Seiring perkembangan zaman permasalahan di bidang hukum pun semakin hari
semakin rumit dan kompleks. Khususnya lagi dalam hukum pidana yang
mencita-citakan lahirnya sebuah kodifikasi baru pengganti Kitab Undang-undang
Hukum Pidana (selanjutnya disebut KUHP saja) warisan kolonial yang telah
terlalu jauh tertinggal oleh zaman. Patut dicatat, pembaharuan hukum pidana selalu
menimbulkan pertentangan-pertentangan pendapat yang tidak hanya terjadi antara
para ahli hukum saja melainkan juga melahirkan
pertentangan di tengah masyarakat. Pertentangan yang terjadi tidak hanya
mencakup persolan pembaharuan hukum pidana (penal
reform) nasional yang berkaitan dengan aturan umum dan rumusan deliknya
namun juga mencakup kebijakan kriminal (criminal
policy) yang merupakan persoalan yang tak kalah penting guna mencegah
meluasnya perkembangan/kecendrungan kejahatan (crime trend).

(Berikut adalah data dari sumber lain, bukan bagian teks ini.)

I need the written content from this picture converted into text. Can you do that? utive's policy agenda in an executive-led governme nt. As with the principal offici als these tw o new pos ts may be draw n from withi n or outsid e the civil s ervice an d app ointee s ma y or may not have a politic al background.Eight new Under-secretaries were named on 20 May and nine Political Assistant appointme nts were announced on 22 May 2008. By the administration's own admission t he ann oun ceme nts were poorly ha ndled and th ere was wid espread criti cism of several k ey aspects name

Hukum pidana yang domainnya sebagai hukum publik membuat perkembangan
hukum pidana selalu menjadi sorotan di tengah masyarakat. Contoh kecil yang
dapat kita lihat ialah bagaimana respon masyarakat yang sangat antusias
terhadap wacana penegasan ancaman pidana mati terhadap para koruptor.

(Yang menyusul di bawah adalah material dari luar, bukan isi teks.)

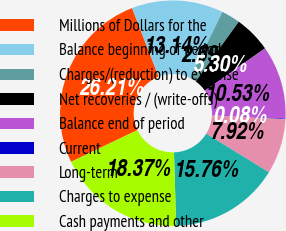<chart> <loc_0><loc_0><loc_500><loc_500><pie_chart><fcel>Millions of Dollars for the<fcel>Balance beginning of period<fcel>Charges/(reduction) to expense<fcel>Net recoveries / (write-offs)<fcel>Balance end of period<fcel>Current<fcel>Long-term<fcel>Charges to expense<fcel>Cash payments and other<nl><fcel>26.21%<fcel>13.14%<fcel>2.69%<fcel>5.3%<fcel>10.53%<fcel>0.08%<fcel>7.92%<fcel>15.76%<fcel>18.37%<nl></chart>

Sebuah pro dan kontra atau pertentangan pendapat yang masih terus
berlangsung dalam domein hukum pidana sebagaimana tersebut di atas ialah
mengenai keberadaan lembaga pidana mati baik dalam kedudukan sebagai hukum
positif maupun dalam upaya pembaharuan hukum pidana sebagai bagian dari hukuman
(pidana).
Penjatuhan pidana mati, tidaklah dijatuhkan kepada sembarangan orang
melainkan khusus kepada pelaku kejahatan khusus (extraordinary crime), yang dianggap pelakunya telah memperlihatkan
dari perbuatannya bahwa ia adalah individu yang sangat berbahaya bagi
masyarakat, dan oleh karena itu harus dibuat tidak berbahaya lagi dengan cara
dikeluarkan dari masyarakat atau pergaulan hidup[3]

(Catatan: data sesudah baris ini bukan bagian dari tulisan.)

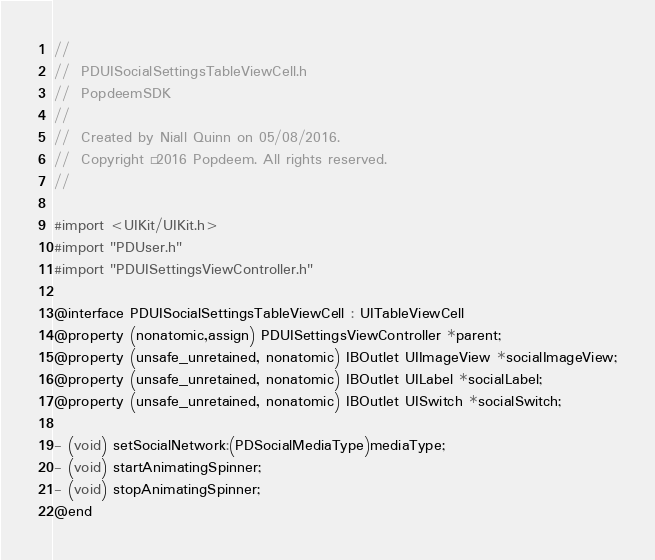<code> <loc_0><loc_0><loc_500><loc_500><_C_>//
//  PDUISocialSettingsTableViewCell.h
//  PopdeemSDK
//
//  Created by Niall Quinn on 05/08/2016.
//  Copyright © 2016 Popdeem. All rights reserved.
//

#import <UIKit/UIKit.h>
#import "PDUser.h"
#import "PDUISettingsViewController.h"

@interface PDUISocialSettingsTableViewCell : UITableViewCell
@property (nonatomic,assign) PDUISettingsViewController *parent;
@property (unsafe_unretained, nonatomic) IBOutlet UIImageView *socialImageView;
@property (unsafe_unretained, nonatomic) IBOutlet UILabel *socialLabel;
@property (unsafe_unretained, nonatomic) IBOutlet UISwitch *socialSwitch;

- (void) setSocialNetwork:(PDSocialMediaType)mediaType;
- (void) startAnimatingSpinner;
- (void) stopAnimatingSpinner;
@end
</code>

(baca dipidana mati). Salah satu tokoh yang mendukung keberadaan lembaga pidana mati di negeri ini ialah ialah
R. Santoso Poedjosoebroto yang merupakan mantan wakil ketua Mahkamah Agung,
berpendapat pidana mati itu adalah merupakan senjata pamungkas atau akhir dalam
keadilan,[4]
namun dalam penjatuhan pidana mati haruslah diperhatikan hal-hal yang berkaitan
dengan hak-hak si terpidana dan eksekusinya pun dilakukan dengan cara yang
patut dan berprikemanusiaan.
Tidak dapat dipungkiri masih banyak ahli yang tak sependapat dengan hal
tersebut, namun keberadaan lembaga pidana mati haruslah dihargai dalam
kedudukannya sebagai suatu bagian dari hukum pidana positif Indonesia.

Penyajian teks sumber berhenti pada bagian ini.